For the first time, Delhi will have a mall with a 1,300-capacity amphitheater providing a platform for hosting cultural events, brand promotions, product launches, movie screenings and live shows. The shoppers can indulge themselves through a three-level department store, a supermarket and various shops offering a wide range of national and international brands in various categories. A traditional Meena Bazaar will also feature, besides a huge 25,000-square-foot atrium.
In the words of Ashok Bansal, Director, Suncity Projects (P) Ltd., VSM aims to redefine the ambience and atmosphere of a mall by generating excitement for people of all age groups.
Something is taking shape on the main Whitefield Road in Bangalore.
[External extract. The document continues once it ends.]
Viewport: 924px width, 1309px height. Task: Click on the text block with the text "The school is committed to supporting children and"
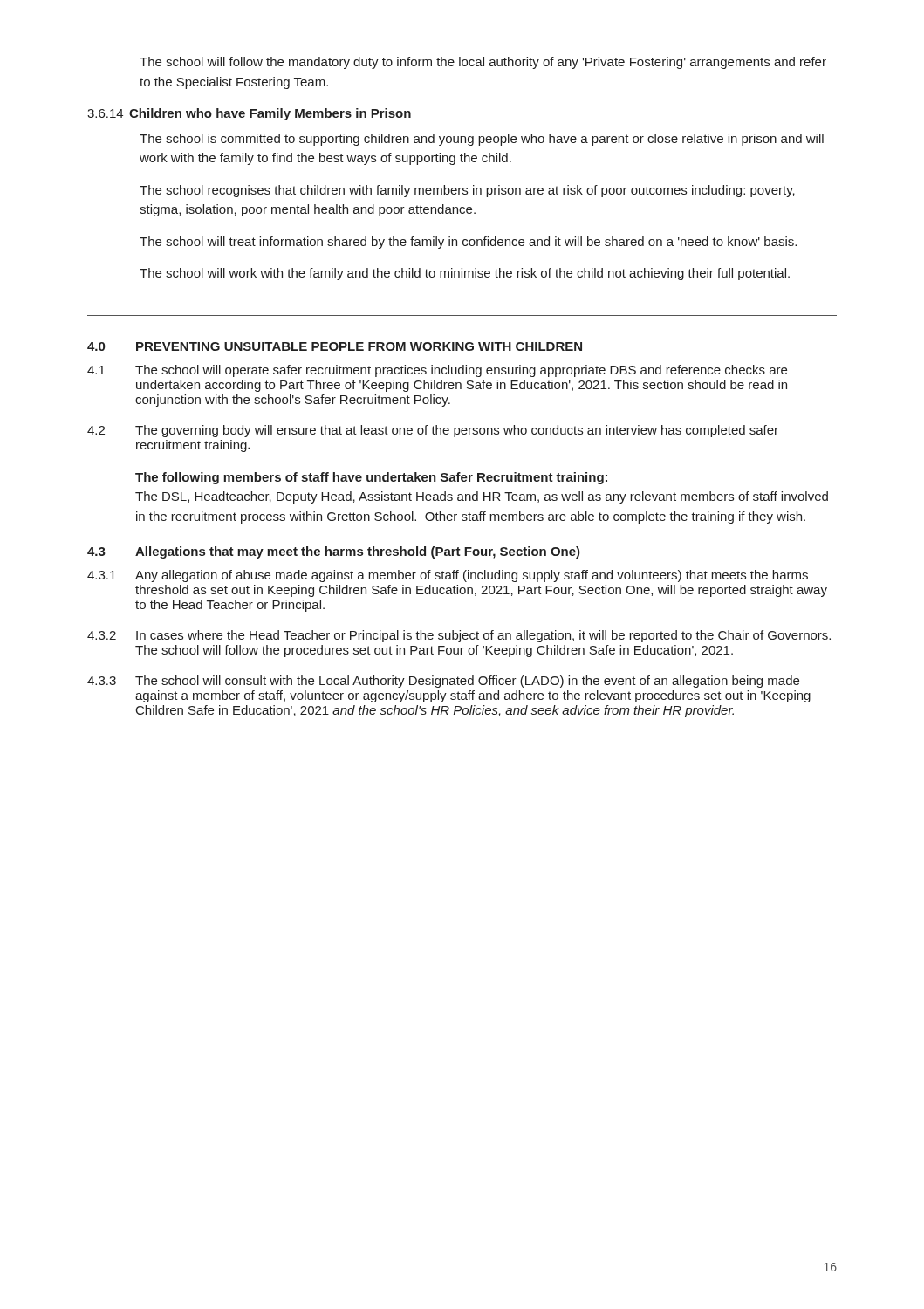click(x=488, y=148)
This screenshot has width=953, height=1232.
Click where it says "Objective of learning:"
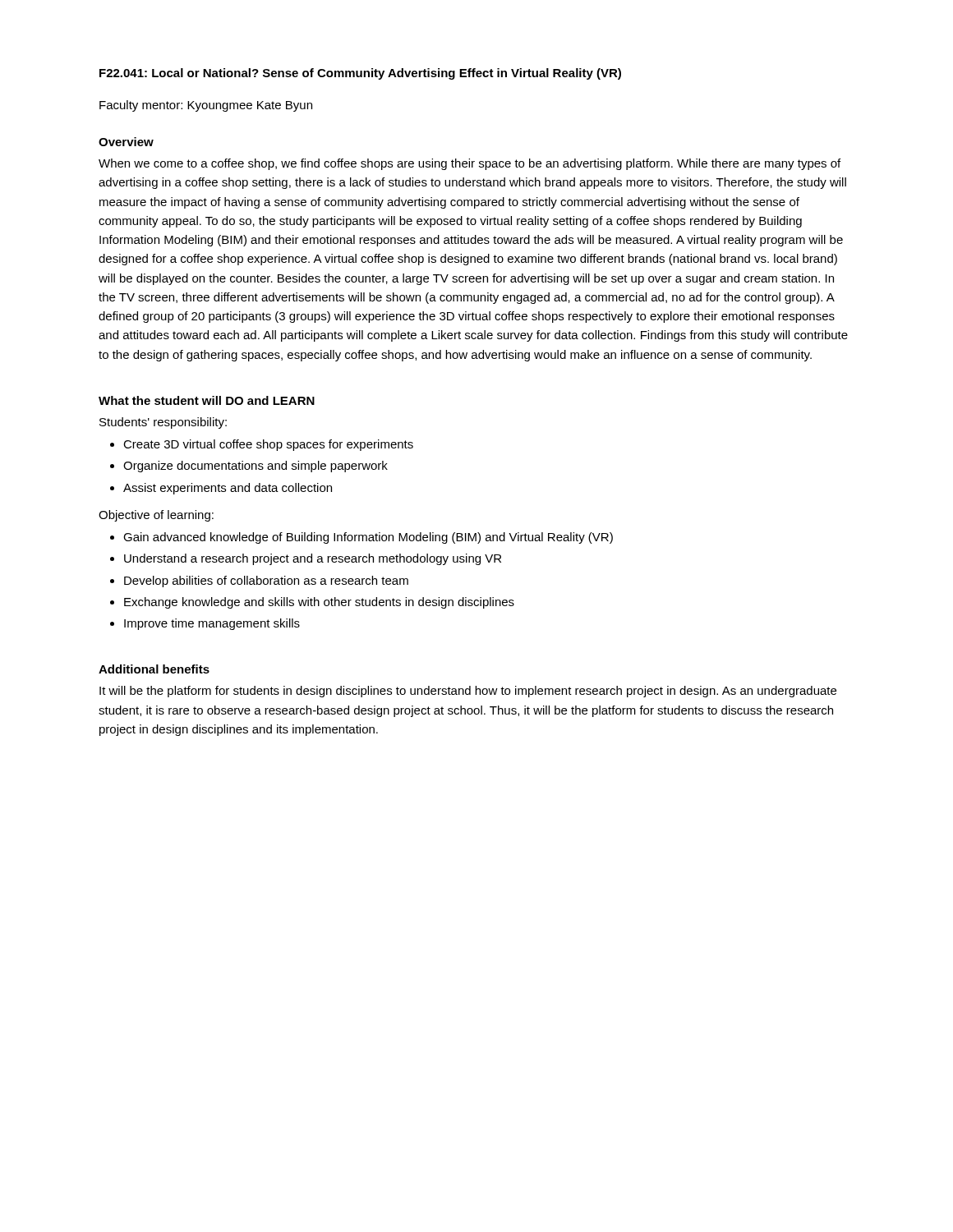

It is the GR Tech Park, Salarpuria Group’s latest gift to the IT industry and a new site for those infotech companies willing to base themselves in this city.
With clients such as SAPLABS and Sapient Technologies having already reserved their space here at the Phase I, the park is hoping to attract more clients as it offers the same infrastructure as ITPL but at 75 percent of the cost.
The park adheres to world-class standards in terms of quality and service. The facilities include landscaped gardens, gymnasium, ATM outlets, a travel desk, food court and a cafeteria.
Construction of the Phase II is likely to be over by June 2006.